■ **What you need to do**
Retype exactly every line from the one that includes "You are a 3D" through the final line of the listing, both ends kept, and omit the pictures.

■ **Provided data**
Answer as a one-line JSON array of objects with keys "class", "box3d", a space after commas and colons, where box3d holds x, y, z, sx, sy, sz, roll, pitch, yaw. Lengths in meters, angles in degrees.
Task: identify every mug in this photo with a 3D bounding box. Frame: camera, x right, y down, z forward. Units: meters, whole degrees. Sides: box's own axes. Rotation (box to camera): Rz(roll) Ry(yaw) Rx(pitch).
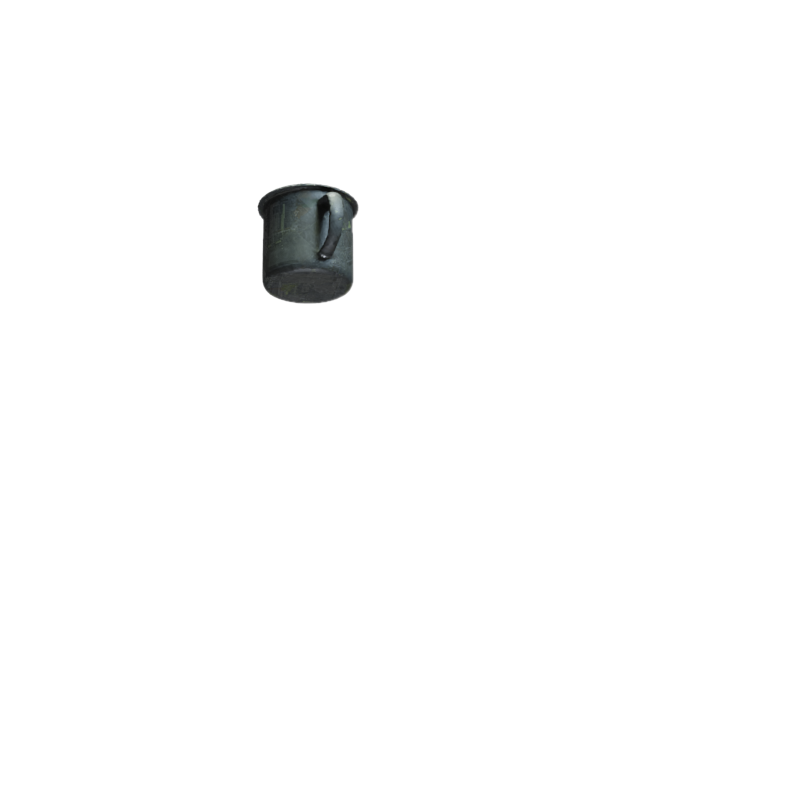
[{"class": "mug", "box3d": [-0.078, -0.142, 0.992, 0.090, 0.086, 0.115, 10, -24, -25]}]
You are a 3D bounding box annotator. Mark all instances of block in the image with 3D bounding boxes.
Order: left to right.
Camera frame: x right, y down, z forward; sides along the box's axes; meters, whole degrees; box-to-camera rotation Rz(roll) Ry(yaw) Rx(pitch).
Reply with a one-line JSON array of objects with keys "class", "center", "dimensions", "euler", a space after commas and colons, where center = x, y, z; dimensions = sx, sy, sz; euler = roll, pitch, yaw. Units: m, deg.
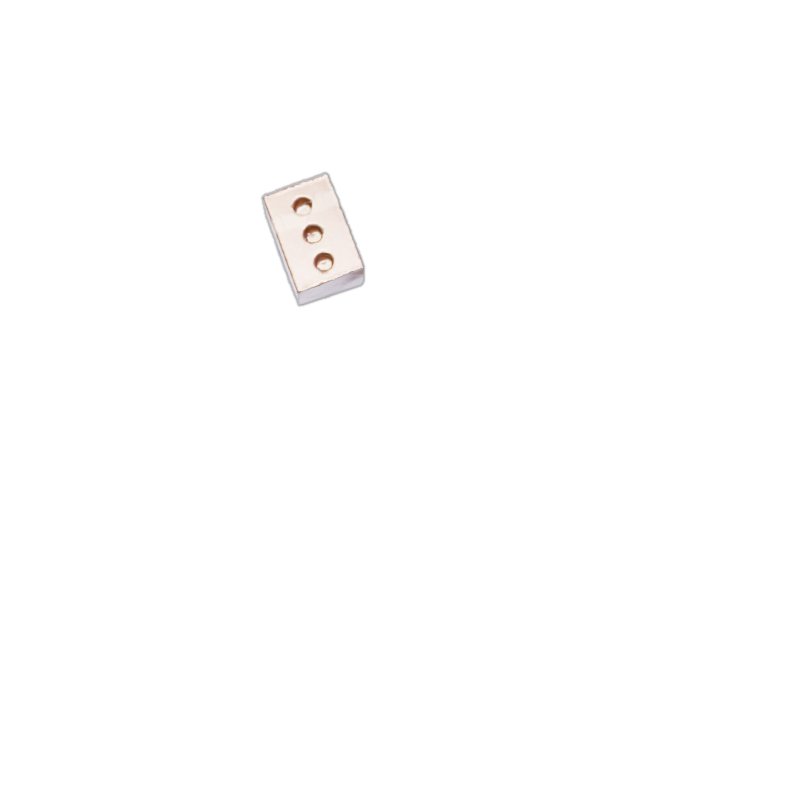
[{"class": "block", "center": [-0.064, -0.116, 0.814], "dimensions": [0.053, 0.081, 0.050], "euler": [-21, -11, -6]}]
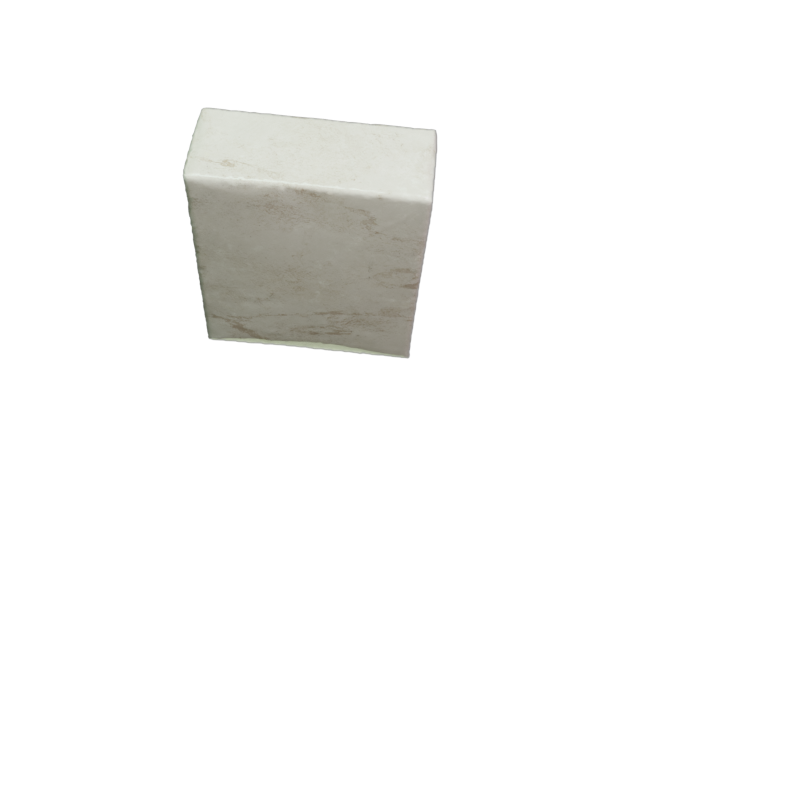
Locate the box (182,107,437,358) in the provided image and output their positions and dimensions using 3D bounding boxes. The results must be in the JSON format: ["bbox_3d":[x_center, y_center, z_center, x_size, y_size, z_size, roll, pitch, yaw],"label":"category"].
[{"bbox_3d":[-0.064,-0.116,0.812,0.165,0.076,0.201,7,-30,1],"label":"box"}]

■ **Task result**
You are a 3D bounding box annotator. Mark all instances of block in the image with 3D bounding boxes.
Order: left to right.
Camera frame: x right, y down, z forward; sides along the box's axes; meters, whole degrees; box-to-camera rotation Rz(roll) Ry(yaw) Rx(pitch).
Reply with a one-line JSON array of objects with keys "class", "center", "dimensions", "euler", a space after commas and colons, where center = x, y, z; dimensions = sx, sy, sz; euler = roll, pitch, yaw. Units: m, deg.
[{"class": "block", "center": [-0.064, -0.116, 0.814], "dimensions": [0.053, 0.081, 0.050], "euler": [-21, -11, -6]}]
Locate the box (182,107,437,358) in the provided image and output their positions and dimensions using 3D bounding boxes. The results must be in the JSON format: ["bbox_3d":[x_center, y_center, z_center, x_size, y_size, z_size, roll, pitch, yaw],"label":"category"].
[{"bbox_3d":[-0.064,-0.116,0.812,0.165,0.076,0.201,7,-30,1],"label":"box"}]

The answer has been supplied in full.